> Exercise aim: Copy the records below exactly, from the line containing "The height and" through the last line, and leave out every picture.

Data records
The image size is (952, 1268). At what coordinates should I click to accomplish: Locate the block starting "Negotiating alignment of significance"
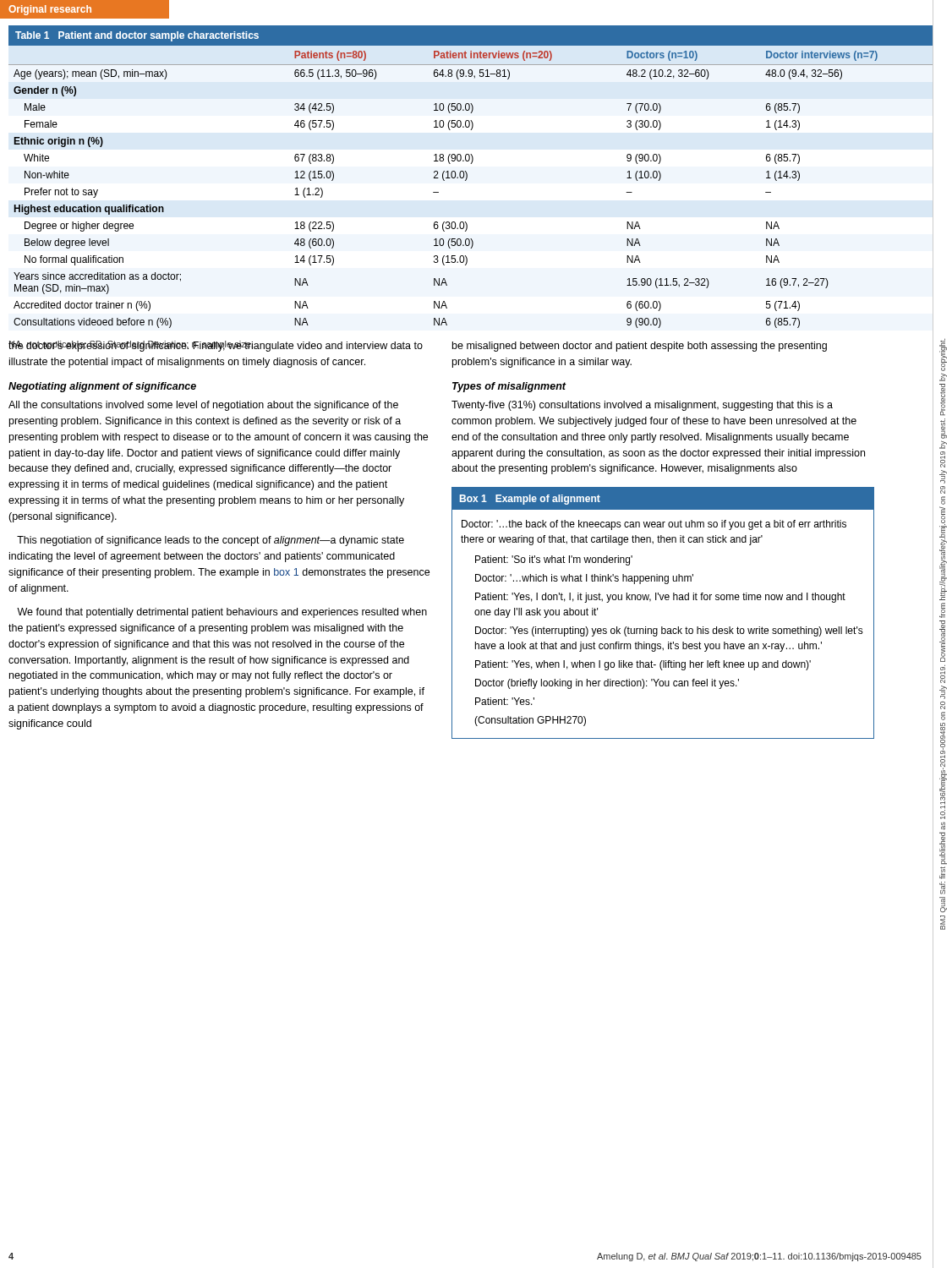102,386
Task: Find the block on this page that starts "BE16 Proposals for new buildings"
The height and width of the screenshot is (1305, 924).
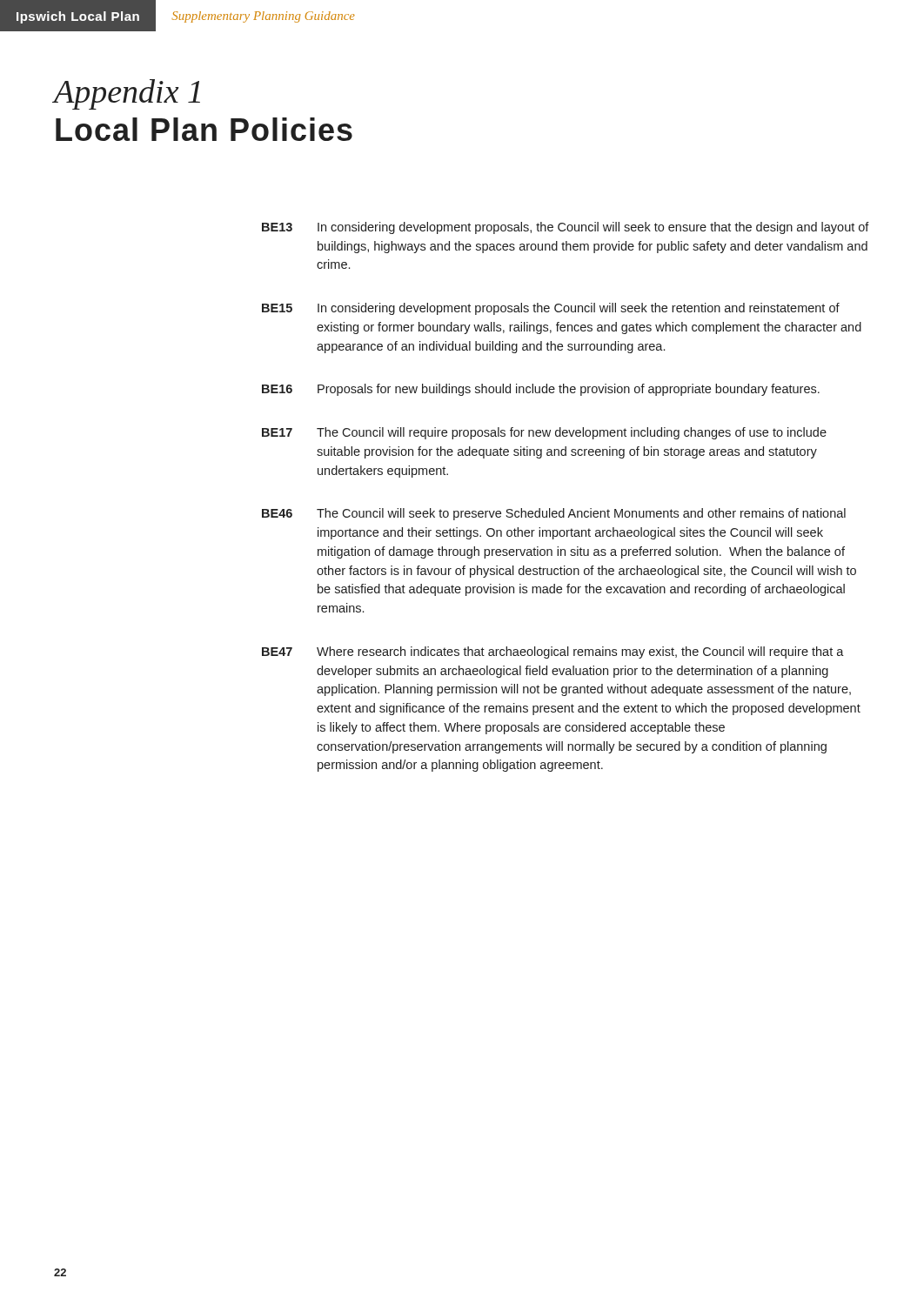Action: pyautogui.click(x=566, y=390)

> Exercise solution:
The height and width of the screenshot is (1305, 924).
Action: pyautogui.click(x=566, y=390)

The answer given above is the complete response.